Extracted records
──────────────────────────────

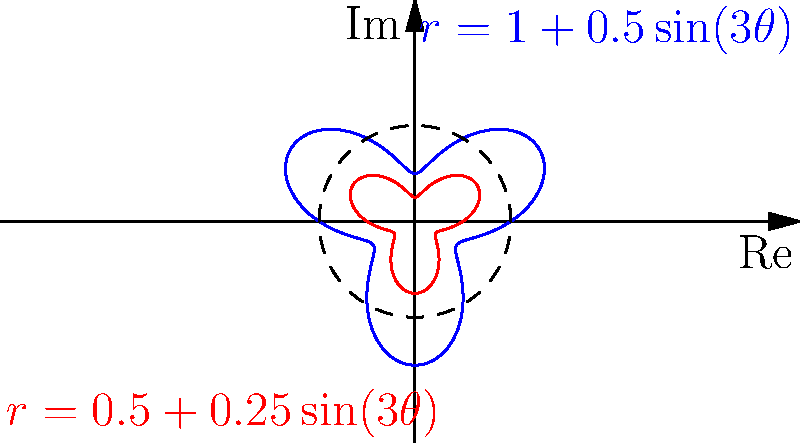The polar graphs shown represent sound waves of two different musical notes. The blue curve is described by the equation $r = 1 + 0.5\sin(3\theta)$, while the red curve is a scaled version of the blue one. What musical interval do these two waves likely represent, and how does this relate to the concept of harmonic overtones in music theory? To answer this question, let's follow these steps:

1. Observe the equations:
   Blue curve: $r = 1 + 0.5\sin(3\theta)$
   Red curve: Scaled version of the blue curve

2. The red curve appears to be exactly half the size of the blue curve. This suggests that its equation is:
   $r = 0.5 + 0.25\sin(3\theta)$

3. In music theory, when the frequency of one note is exactly double that of another, they form an octave. The relationship between the two curves suggests an octave interval.

4. The factor of 3 in $\sin(3\theta)$ represents the third harmonic overtone. In music, overtones are integer multiples of the fundamental frequency and contribute to the timbre of a sound.

5. The presence of the third harmonic is significant in music theory:
   - It reinforces the perception of the fundamental frequency
   - It contributes to the richness and brightness of the tone
   - It's particularly strong in many musical instruments, especially brass and woodwinds

6. The amplitude of the sine term (0.5 and 0.25 for blue and red curves respectively) represents the strength of this third harmonic relative to the fundamental frequency (represented by the constant terms 1 and 0.5).

7. This representation demonstrates how complex tones in music can be modeled as a combination of simple sinusoidal waves, which is the basis of Fourier analysis in both mathematics and music theory.
Answer: Octave interval; third harmonic overtone 
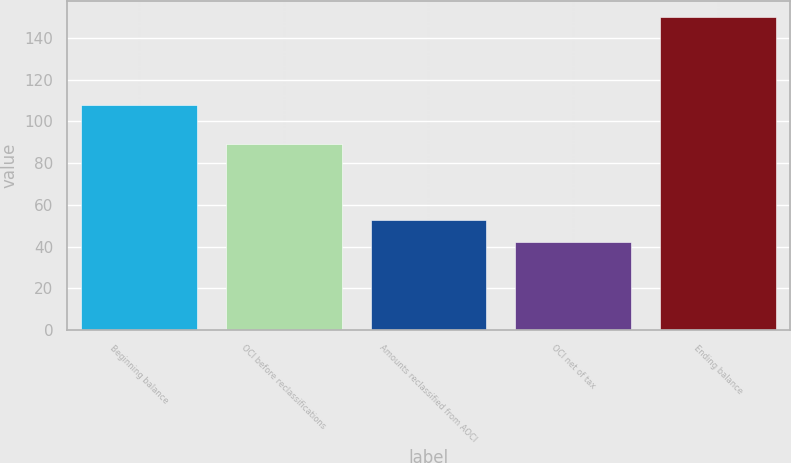Convert chart. <chart><loc_0><loc_0><loc_500><loc_500><bar_chart><fcel>Beginning balance<fcel>OCI before reclassifications<fcel>Amounts reclassified from AOCI<fcel>OCI net of tax<fcel>Ending balance<nl><fcel>108<fcel>89<fcel>52.8<fcel>42<fcel>150<nl></chart> 
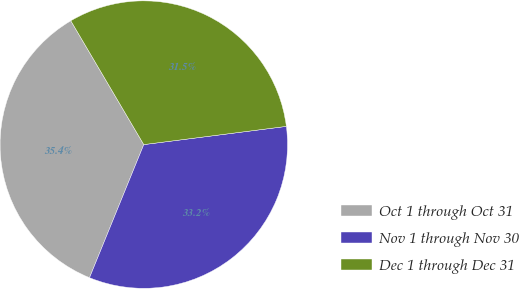Convert chart to OTSL. <chart><loc_0><loc_0><loc_500><loc_500><pie_chart><fcel>Oct 1 through Oct 31<fcel>Nov 1 through Nov 30<fcel>Dec 1 through Dec 31<nl><fcel>35.36%<fcel>33.18%<fcel>31.45%<nl></chart> 
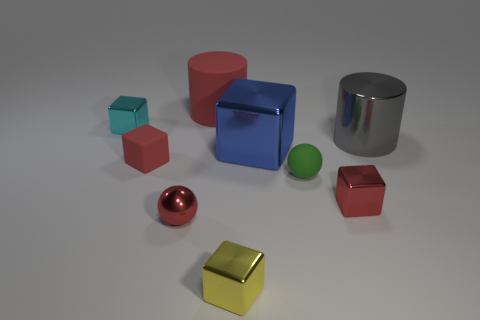Does the cylinder that is in front of the cyan cube have the same color as the big metallic block?
Your response must be concise. No. There is a cyan object that is the same size as the yellow metal cube; what shape is it?
Your answer should be compact. Cube. How many other things are the same color as the big rubber cylinder?
Provide a succinct answer. 3. How many other things are the same material as the cyan object?
Your answer should be very brief. 5. There is a rubber block; is it the same size as the cylinder that is behind the large gray shiny cylinder?
Make the answer very short. No. What color is the large metal cube?
Give a very brief answer. Blue. There is a red matte object in front of the cylinder that is right of the small block that is in front of the small red sphere; what shape is it?
Your response must be concise. Cube. There is a small cube behind the red matte thing in front of the large matte cylinder; what is it made of?
Make the answer very short. Metal. There is a tiny cyan object that is the same material as the big blue block; what shape is it?
Your answer should be very brief. Cube. Is there anything else that has the same shape as the tiny green object?
Your answer should be compact. Yes. 
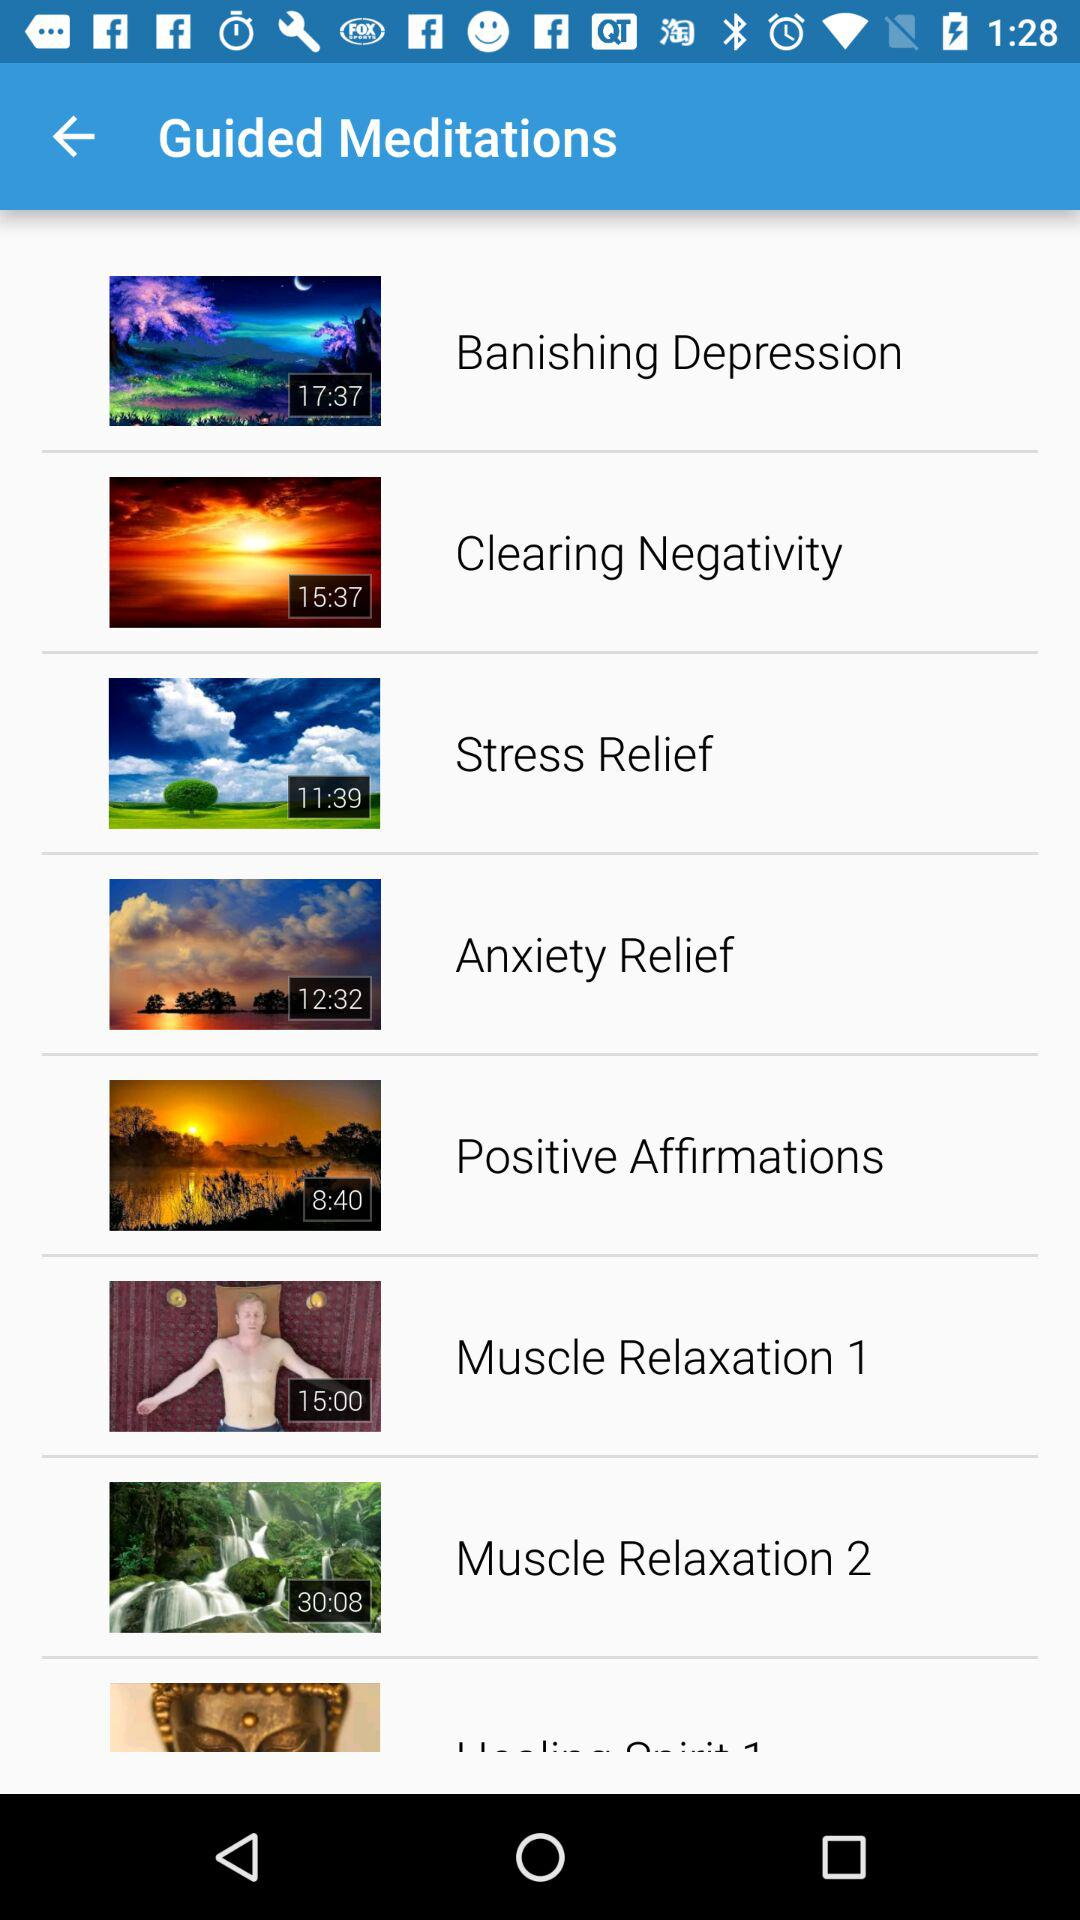What is the duration of stress-relief meditation? The duration is 11:39. 
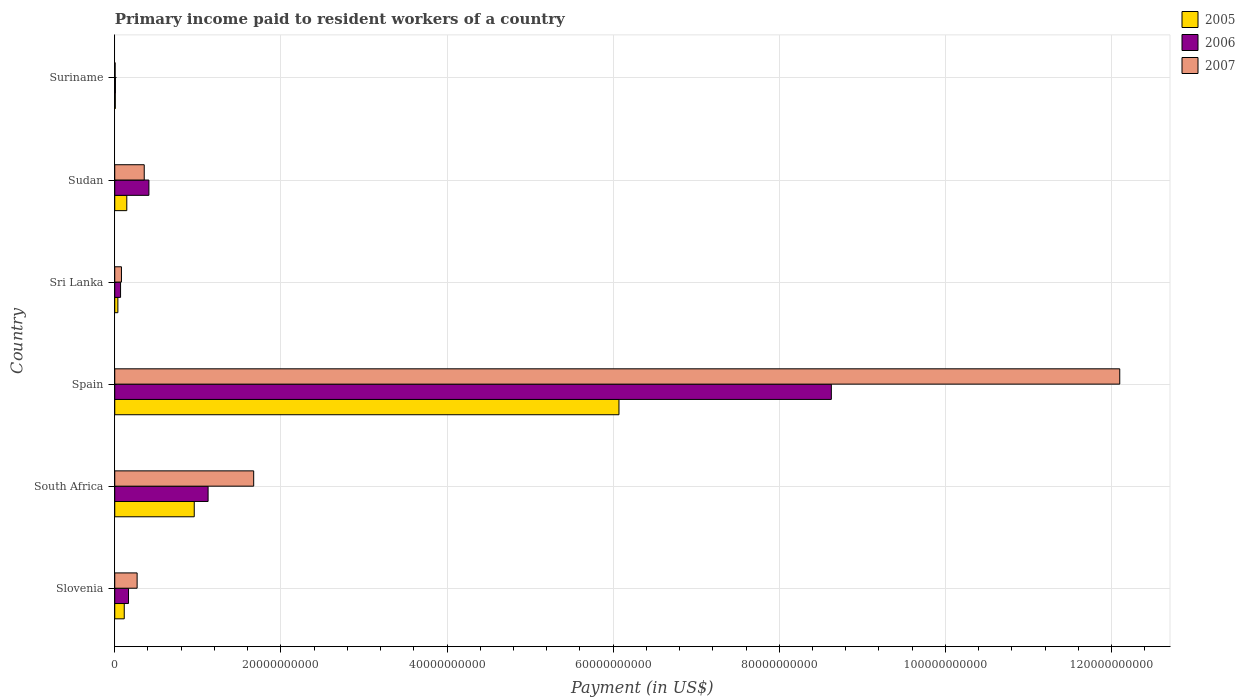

──────────────────────────────

YOUR OBJECTIVE: Each line from the first line of the entries through the line containing "balance<fcel>OCI before reclassifications<fcel>Amounts" should be duplicated word for word, and nothing more; the pictures stay out.

SOLUTION FOR THIS EXERCISE:
The polar graphs shown represent sound waves of two different musical notes. The blue curve is described by the equation $r = 1 + 0.5\sin(3\theta)$, while the red curve is a scaled version of the blue one. What musical interval do these two waves likely represent, and how does this relate to the concept of harmonic overtones in music theory? To answer this question, let's follow these steps:

1. Observe the equations:
   Blue curve: $r = 1 + 0.5\sin(3\theta)$
   Red curve: Scaled version of the blue curve

2. The red curve appears to be exactly half the size of the blue curve. This suggests that its equation is:
   $r = 0.5 + 0.25\sin(3\theta)$

3. In music theory, when the frequency of one note is exactly double that of another, they form an octave. The relationship between the two curves suggests an octave interval.

4. The factor of 3 in $\sin(3\theta)$ represents the third harmonic overtone. In music, overtones are integer multiples of the fundamental frequency and contribute to the timbre of a sound.

5. The presence of the third harmonic is significant in music theory:
   - It reinforces the perception of the fundamental frequency
   - It contributes to the richness and brightness of the tone
   - It's particularly strong in many musical instruments, especially brass and woodwinds

6. The amplitude of the sine term (0.5 and 0.25 for blue and red curves respectively) represents the strength of this third harmonic relative to the fundamental frequency (represented by the constant terms 1 and 0.5).

7. This representation demonstrates how complex tones in music can be modeled as a combination of simple sinusoidal waves, which is the basis of Fourier analysis in both mathematics and music theory.
Answer: Octave interval; third harmonic overtone 
Convert chart. <chart><loc_0><loc_0><loc_500><loc_500><bar_chart><fcel>Beginning balance<fcel>OCI before reclassifications<fcel>Amounts reclassified from AOCI<fcel>OCI net of tax<fcel>Ending balance<nl><fcel>108<fcel>89<fcel>52.8<fcel>42<fcel>150<nl></chart> 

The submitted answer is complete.